Epoch 00004: val_f1 improved from 0.97321 to 0.97768, saving model to training_0/cp.ckpt
Epoch 5/10

Epoch 00005: val_f1 did not improve from 0.97768
Epoch 6/10

Epoch 00006: val_f1 did not improve from 0.97768
Epoch 7/10

Epoch 00007: val_f1 did not improve from 0.97768
Epoch 8/10

Epoch 00008: val_f1 improved from 0.97768 to 0.98214, saving model to training_0/cp.ckpt
Epoch 9/10

Epoch 00009: val_f1 did not improve from 0.98214
Epoch 10/10

Epoch 00010: val_f1 did not improve from 0.98214


<tensorflow.python.keras.callbacks.History at 0x7f4ef8b50910>

In [None]:
my_model.load_weights(checkpoint_path)

<tensorflow.python.training.tracking.util.CheckpointLoadStatus at 0x7f532c1eb110>

In [None]:
my_model.evaluate(valid_generator,verbose=1)
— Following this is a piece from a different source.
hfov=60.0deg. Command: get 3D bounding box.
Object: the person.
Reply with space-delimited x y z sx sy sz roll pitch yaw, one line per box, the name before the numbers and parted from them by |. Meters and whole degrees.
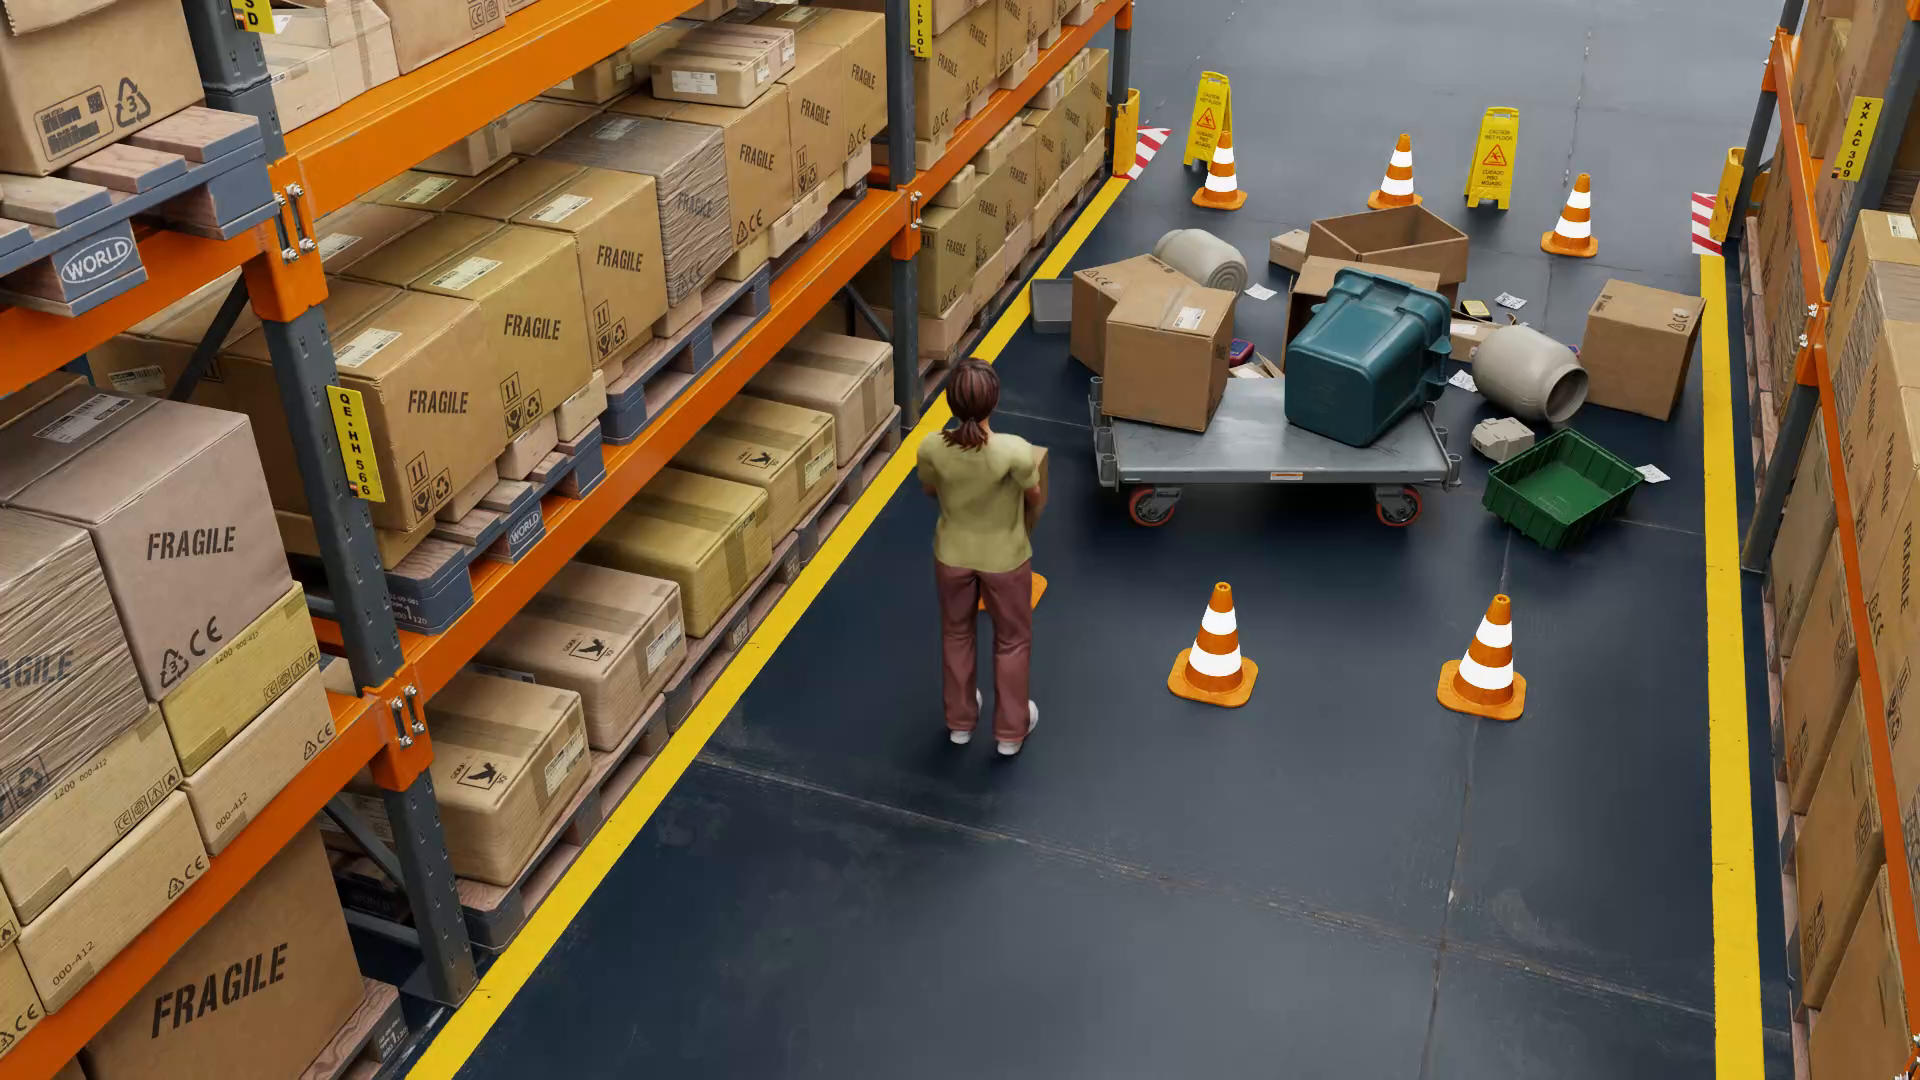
person | 0.077 0.037 6.087 0.438 1.673 0.543 7 34 10

[0.06643582135438919, 0.9751233458518982]

In [None]:
test=pd.read_csv("../input/dphipneumonia/pneumonia_dataset/test.csv")
test_generator=valid_datagen.flow_from_dataframe(
dataframe=test,
directory="../input/dphipneumonia/pneumonia_dataset/test",
x_col="filename",
y_col=None,
batch_size=1,
seed=42,
shuffle=False,
class_mode=None,
target_size=(224,224))
STEP_SIZE_TEST=test_generator.n//test_generator.batch_size

Found 606 validated image filenames.


In [None]:
pred1=np.argmax(my_model.predict(test_generator,steps=STEP_SIZE_TEST,verbose=1),axis=1)



In [None]:
pred1

array([1, 0, 0, 0, 0, 0, 1, 0, 0, 0, 0, 1, 0, 1, 0, 0, 1, 0, 1, 0, 0, 1,
       0, 1, 0, 1, 1, 0, 0, 0, 0, 1, 0, 0, 1, 0, 0, 1, 0, 1, 1, 0, 0, 0,
       0, 0, 0, 1, 1, 1, 1, 1, 0, 1, 0, 1, 0, 0, 1, 1, 1, 0, 1, 1, 0, 1,
       0, 1, 1, 0, 0, 0, 0, 0, 0, 0, 1, 0, 1, 1, 1, 1, 0, 0, 0, 0, 1, 0,
       1, 0, 1, 1, 1, 1, 1, 1, 0, 0, 1, 1, 0, 1, 1, 0, 1, 0, 1, 0, 0, 1,
       1, 1, 0, 1, 1, 1, 0, 0, 1, 0, 0, 1, 0, 0, 0, 0, 1, 0, 1, 1, 0, 1,
       1, 0, 0, 1, 0, 1, 1, 0, 1, 0, 0, 1, 0, 0, 0, 1, 0, 1, 0, 1, 0, 0,
       1, 1, 0, 1, 1, 0, 1, 1, 1, 0, 0, 1, 0, 0, 0, 1, 0, 0, 0, 1, 0, 0,
       1, 1, 0, 0, 1, 1, 1, 1, 1, 1, 0, 1, 0, 1, 0, 0, 0, 0, 0, 1, 1, 1,
       1, 1, 1, 0, 0, 0, 0, 0, 0, 1, 0, 0, 0, 1, 1, 0, 1, 0, 0, 0, 0, 1,
       1, 1, 1, 0, 0, 0, 1, 0, 1, 0, 1, 1, 0, 0, 1, 1, 1, 1, 0, 1, 1, 0,
       0, 0, 1, 0, 0, 0, 0, 1, 1, 0, 0, 1, 1, 0, 0, 0, 0, 1, 1, 0, 0, 1,
       0, 1, 0, 1, 0, 0, 0, 0, 1, 1, 1, 0, 0, 0, 0, 0, 1, 0, 0, 0, 1, 0,
       0, 0, 1, 1, 0, 0, 0, 1, 1, 1, 1, 0, 0, 1, 0,

In [None]:
sub=pd.read_csv("../input/dphipneumonia/pneumonia_dataset/sample_submission.csv")
sub["label"]=pred1
sub["label"]=sub["label"].map({0:'normal',
 1:'pneumonia'})

In [None]:
sub["label"].value_counts()

normal       308
pneumonia    298
Name: label, dtype: int64

In [None]:
sub.to_csv("sub2.csv",index=False)

### It achieved a F1_score of 97.36 on leaderboard.